Keir Starmer’s claims about Labour’s falling membership are balderdash

The excuses man: it seems Keir Starmer has gone back to his Big Book of Excuses to explain why so many former members have turned away from the Labour Party under his leadership. But his words don’t ring true.

Membership of the Labour party plummeted by nearly one-fifth in the year after Keir Starmer became leader, it has been revealed.

The party had 432,213 members at the end of 2021, down from 523,332 in 2020.

Starmer has claimed that this vertiginous drop in membership is an expected part of the political/electoral cycle – but this is not true. Either he has been fed false information or he is deliberately lying.

According to the BBC, he said

that the fall reflected a “very familiar pattern”.

He said the party’s membership figure “goes up dramatically” ahead of elections or leadership contests, then “flattens back down again”.

“I’ve looked at the patterns – they are exactly as we would have expected,” he added.

But this is belied by the figures for his immediate forerunner, Jeremy Corbyn’s, leadership.

On the day before the 2015 general election, when Ed Miliband was still leader, Labour’s membership stood at just 201,293.

Then Mr Corbyn was elected leader – and by January 10 the following year, membership had nearly doubled to 388,407.

By December 2017, the membership had surged to a high of 564,443 – possibly in response to Labour’s much-better-than-expected result in that year’s general election.

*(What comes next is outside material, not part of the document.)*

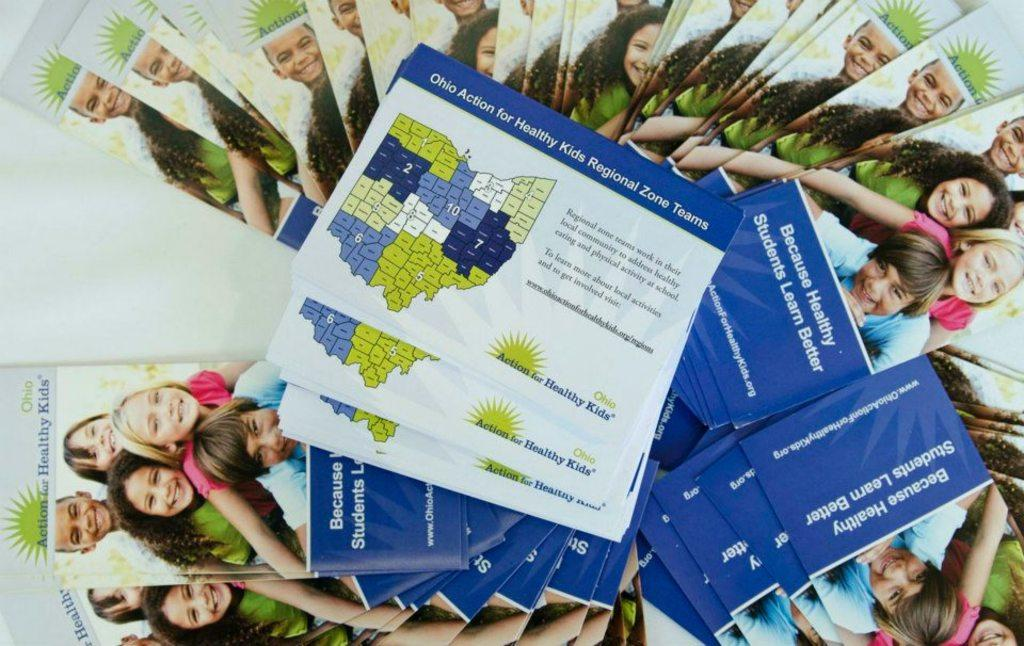What type of items can be seen on the table in the image? There are many books and pamphlets in the image. How are the books and pamphlets arranged on the table? The books and pamphlets are kept on a table. What type of coal is being used to heat the room in the image? There is no coal or indication of heating in the image; it only shows books and pamphlets on a table.

That’s nearly three times as many members as when Ed Miliband had lost the election two and a half years previously.

It is now slightly more than two and a half years since Mr Corbyn lost the 2019 election to Boris Johnson. It would be wrong to compare his 363,250 surge in membership between 2015-17 with Starmer’s loss of 91,119 because there hasn’t been an election this year, but the numbers are still damning.

By December 2018, Mr Corbyn’s Labour had indeed lost members – but not as many as Starmer’s party. Membership stood at 518,659 – a fall of 45,784.

Membership started climbing again in advance of the 2019 general election. By the time of the leadership election in which Starmer was elected to run the party, membership was back up to 552,835.

Then it started haemorrhaging.

By November 2020 it stood at 495,961 – the first time it had dipped below half a million since Mr Corbyn had taken it to that height.

So whereas Jeremy Corbyn’s leadership saw party membership rise by more than 300,000 members – and stay there, Keir Starmer has overseen a continuous exodus of 120,622 people during his time as leader.

That’s not a familiar pattern – certainly not when compared with the meteoric rises seen under Mr Corbyn.

If Labour can’t even be honest about its own membership, how can we ever trust Starmer when (if?) he ever announces any policies?